**AIM OF THE TASK**
Transcribe the listing exactly, so that nothing but the pictures is missing.
━━━━━━
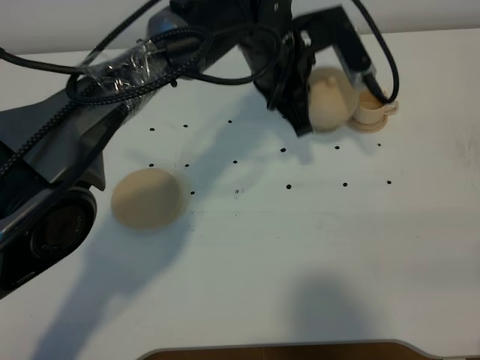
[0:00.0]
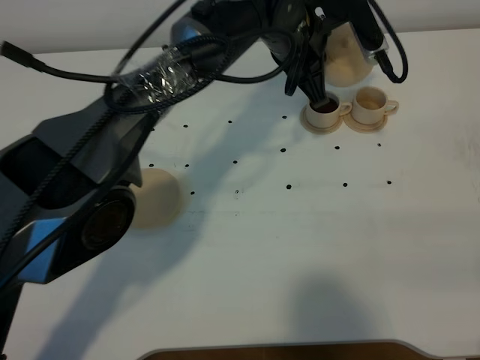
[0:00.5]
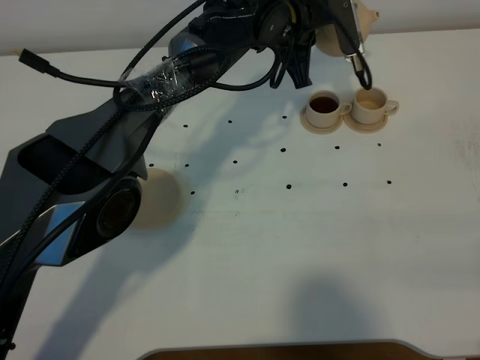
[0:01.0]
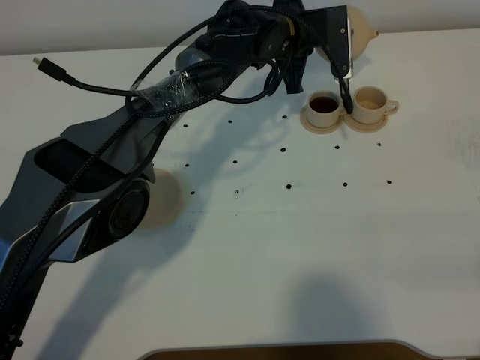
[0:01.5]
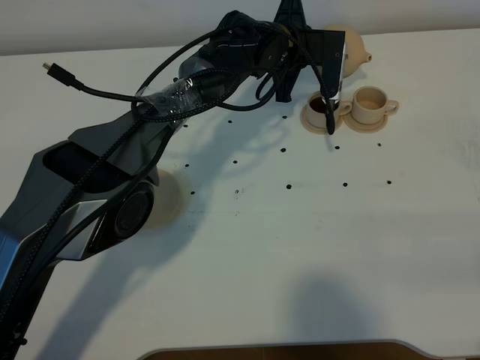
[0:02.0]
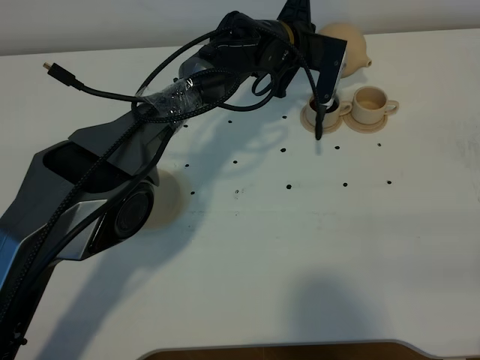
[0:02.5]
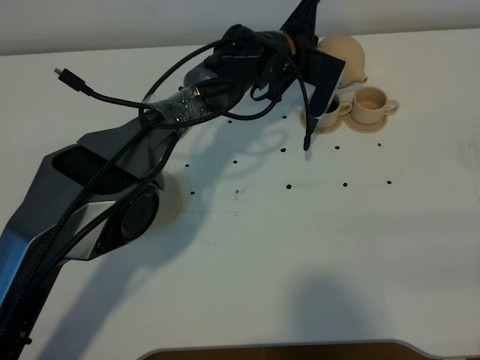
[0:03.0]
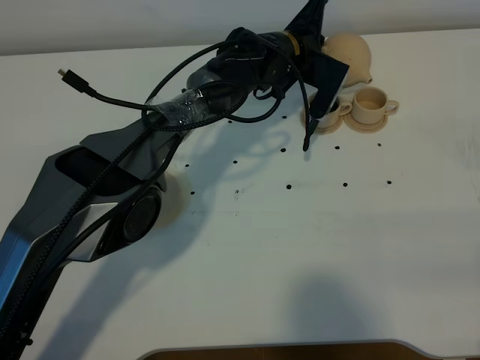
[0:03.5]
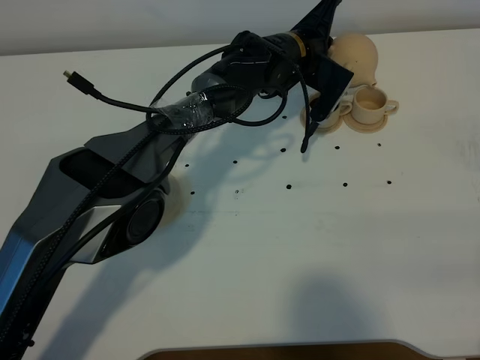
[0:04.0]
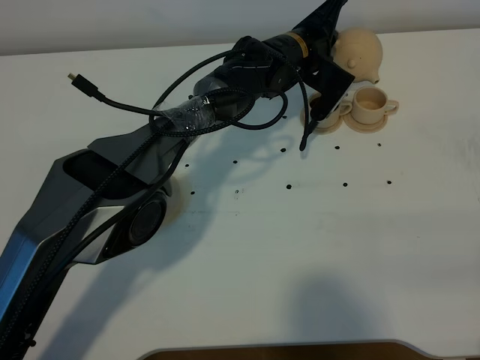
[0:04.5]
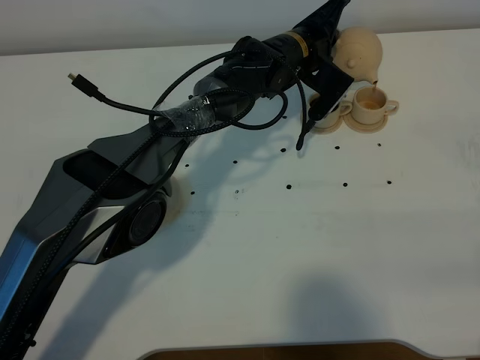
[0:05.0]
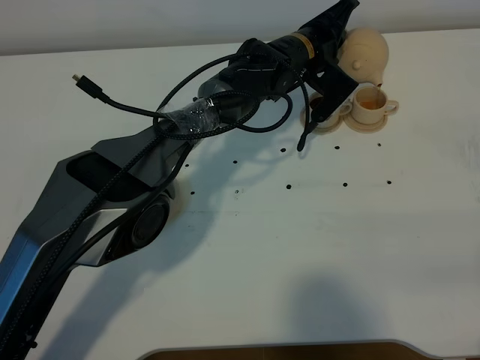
━━━━━━
**RESULT**
[0:00.0]
[0:00.5]
[0:01.0]
[0:01.5]
[0:02.0]
[0:02.5]
[0:03.0]
[0:03.5]
[0:04.0]
[0:04.5]
[0:05.0]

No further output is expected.